The Girl with Three Legs: A Memoir

Author: Soraya Miré

The Girl with Three Legs: A Memoir. By Soraya Miré. Chicago: Lawrence Hill Books, 2011. 386 pages. $26.95. www.lawrencehillbooks.com Review by J. Steven Svoboda.

Soraya Miré, longtime toiler in the trenches to help educate the world about the harm caused by female genital cutting (FGC), has published her biography. The author, who has also made clear her opposition to male circumcision, has come up with a truly remarkable book, for a number of reasons.

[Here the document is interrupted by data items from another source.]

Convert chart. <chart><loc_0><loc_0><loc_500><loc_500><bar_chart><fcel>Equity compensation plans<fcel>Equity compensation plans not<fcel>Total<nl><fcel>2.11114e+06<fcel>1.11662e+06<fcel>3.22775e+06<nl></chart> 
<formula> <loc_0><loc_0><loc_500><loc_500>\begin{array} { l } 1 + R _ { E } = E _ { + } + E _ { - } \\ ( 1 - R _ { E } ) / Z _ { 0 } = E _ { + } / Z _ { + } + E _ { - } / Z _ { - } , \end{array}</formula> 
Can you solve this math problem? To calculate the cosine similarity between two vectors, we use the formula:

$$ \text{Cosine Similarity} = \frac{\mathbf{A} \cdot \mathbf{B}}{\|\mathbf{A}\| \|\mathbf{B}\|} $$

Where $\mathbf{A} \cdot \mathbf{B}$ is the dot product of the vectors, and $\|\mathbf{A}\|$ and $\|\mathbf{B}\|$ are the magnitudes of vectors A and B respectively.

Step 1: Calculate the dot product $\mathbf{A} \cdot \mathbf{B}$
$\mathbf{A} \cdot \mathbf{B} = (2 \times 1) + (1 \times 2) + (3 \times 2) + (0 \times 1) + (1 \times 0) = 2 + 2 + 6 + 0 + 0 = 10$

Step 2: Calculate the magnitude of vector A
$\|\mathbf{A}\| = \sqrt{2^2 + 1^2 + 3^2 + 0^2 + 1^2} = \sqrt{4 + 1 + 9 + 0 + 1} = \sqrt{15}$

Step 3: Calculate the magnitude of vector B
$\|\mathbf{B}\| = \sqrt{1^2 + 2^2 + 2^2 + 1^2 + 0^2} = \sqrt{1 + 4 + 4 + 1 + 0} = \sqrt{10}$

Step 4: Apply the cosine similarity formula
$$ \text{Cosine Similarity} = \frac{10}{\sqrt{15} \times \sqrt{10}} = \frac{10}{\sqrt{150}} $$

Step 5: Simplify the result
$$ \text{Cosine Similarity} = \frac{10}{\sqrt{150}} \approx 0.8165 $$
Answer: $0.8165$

The Girl with Three Legs centrally addresses the author’s pivotal, supremely traumatic experience with FGC and her subsequent dedication of her life to working to help stop it. Miré does a masterful job of avoiding many of the pitfalls that afflicted several previously published memoirs by victims of genital cutting. Her authorial voice is clear, vibrant, and remarkably engaging considering the grimness of many of her life experiences. One of the secrets to the unique success of her memoir is her willingness to show herself in all her imperfections, as a human being worthy of love who nevertheless has suffered cruelly. Moreover, while the book does centrally address her experience with FGC and her subsequent dedication of her life to the goal of educating the world about its evils, it is down to earth and accessible. The author brings us into her world and makes us feel she is engaging us in a personal conversation.

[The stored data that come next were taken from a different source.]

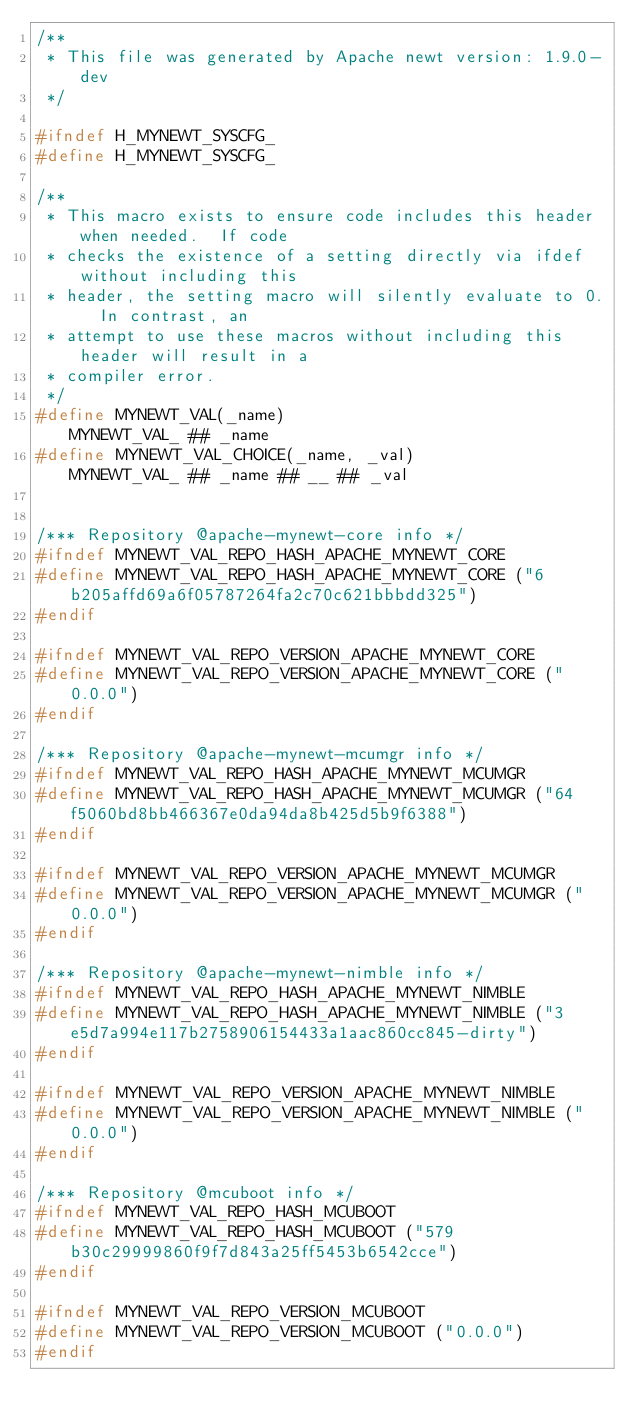<code> <loc_0><loc_0><loc_500><loc_500><_C_>/**
 * This file was generated by Apache newt version: 1.9.0-dev
 */

#ifndef H_MYNEWT_SYSCFG_
#define H_MYNEWT_SYSCFG_

/**
 * This macro exists to ensure code includes this header when needed.  If code
 * checks the existence of a setting directly via ifdef without including this
 * header, the setting macro will silently evaluate to 0.  In contrast, an
 * attempt to use these macros without including this header will result in a
 * compiler error.
 */
#define MYNEWT_VAL(_name)                       MYNEWT_VAL_ ## _name
#define MYNEWT_VAL_CHOICE(_name, _val)          MYNEWT_VAL_ ## _name ## __ ## _val


/*** Repository @apache-mynewt-core info */
#ifndef MYNEWT_VAL_REPO_HASH_APACHE_MYNEWT_CORE
#define MYNEWT_VAL_REPO_HASH_APACHE_MYNEWT_CORE ("6b205affd69a6f05787264fa2c70c621bbbdd325")
#endif

#ifndef MYNEWT_VAL_REPO_VERSION_APACHE_MYNEWT_CORE
#define MYNEWT_VAL_REPO_VERSION_APACHE_MYNEWT_CORE ("0.0.0")
#endif

/*** Repository @apache-mynewt-mcumgr info */
#ifndef MYNEWT_VAL_REPO_HASH_APACHE_MYNEWT_MCUMGR
#define MYNEWT_VAL_REPO_HASH_APACHE_MYNEWT_MCUMGR ("64f5060bd8bb466367e0da94da8b425d5b9f6388")
#endif

#ifndef MYNEWT_VAL_REPO_VERSION_APACHE_MYNEWT_MCUMGR
#define MYNEWT_VAL_REPO_VERSION_APACHE_MYNEWT_MCUMGR ("0.0.0")
#endif

/*** Repository @apache-mynewt-nimble info */
#ifndef MYNEWT_VAL_REPO_HASH_APACHE_MYNEWT_NIMBLE
#define MYNEWT_VAL_REPO_HASH_APACHE_MYNEWT_NIMBLE ("3e5d7a994e117b2758906154433a1aac860cc845-dirty")
#endif

#ifndef MYNEWT_VAL_REPO_VERSION_APACHE_MYNEWT_NIMBLE
#define MYNEWT_VAL_REPO_VERSION_APACHE_MYNEWT_NIMBLE ("0.0.0")
#endif

/*** Repository @mcuboot info */
#ifndef MYNEWT_VAL_REPO_HASH_MCUBOOT
#define MYNEWT_VAL_REPO_HASH_MCUBOOT ("579b30c29999860f9f7d843a25ff5453b6542cce")
#endif

#ifndef MYNEWT_VAL_REPO_VERSION_MCUBOOT
#define MYNEWT_VAL_REPO_VERSION_MCUBOOT ("0.0.0")
#endif


</code>

Miré manages this impressive feat by exhibiting a candidness in her reflection on her past experiences that further accentuates the trustworthiness and power of her story while at the same time exposing herself as having been a remarkably naïve young woman. Not just once, but several times throughout the book, the author finds herself in close encounters with prostitutes and other characters more worldly than she and fearlessly shows us how utterly she fails to realize with whom she is dealing, in some cases over what in other hands might seem an implausibly long period of time. This motif paradoxically strengthens the book’s impact, allowing the reader to recognize the part of himself or herself that is innocent, and perhaps encouraging us to also refocus on the supreme innocence of the child who suffers genital cutting.

Make no mistake, Soraya Miré has had a remarkable life. She endured a clitoridectomy that was inflicted on her largely due to the malefic influence of her truly horrific mother. (Happily, the author is graced with a kind and wonderful father, who steadfastly protects her until his untimely death.) Subsequently, Miré was forced into a marriage with a cruel man and many years passed before she was able to escape while living in Geneva. Another betrayal occurs later in the book when her mother deceives her into again coming under the control of her husband, who unsurprisingly rapes her. Later she takes a seemingly kind man Raj into her confidence. He becomes her boyfriend of sorts but in the end turns out to be quite jealous and not very nice. A boyfriend of a friend of hers also rapes her, and this time she became pregnant as a result.

The author’s naivete is again evident as she comes into close contact with a peculiar man named Nigel, whom many readers will immediately (and correctly) suspect is gay though this realization takes quite a while to come to the author. Nigel works hard, and movingly, to help her become more confident with her body despite her past traumas, and Nigel’s efforts do eventually end up bearing some fruit.

Later in the book, Miré’s innocence is channeled into her determined quest to create a movie about FGC. She sees actress Debbie Allen on television, quits her job, and becomes an actress on an infomercial, all in a quixotic quest to seek Allen’s support for her planned movie about FGC. The author also drives from Los Angeles to Chicago in an ultimately futile attempt to convince Oprah Winfrey to fund the movie she eventually does succeed in making about FGC, “Fire Eyes.” Yet her very determination is deeply inspirational.

While telling her truly horrific story, Soraya Miré admirably sticks to faithfully describing her own experience, abstaining from the temptation of using this platform to make broader political statements. This restrained approach encourages the reader to draw out the implications of what Mire experienced in terms of our world’s continuing addiction to genital cutting. And the book is stronger for the admirable focus the author maintains in her narrative.

Soraya Mire has achieved a rare feat, all the more uncommon in this era of social networks and short attention spans. She has led with her heart and courageously offered herself to the reader, the most generous act possible for an author. Everyone should read this groundbreaking work, even if you are not particularly interested in genital cutting or children’s rights, but especially if you are. Highly recommended to all human beings.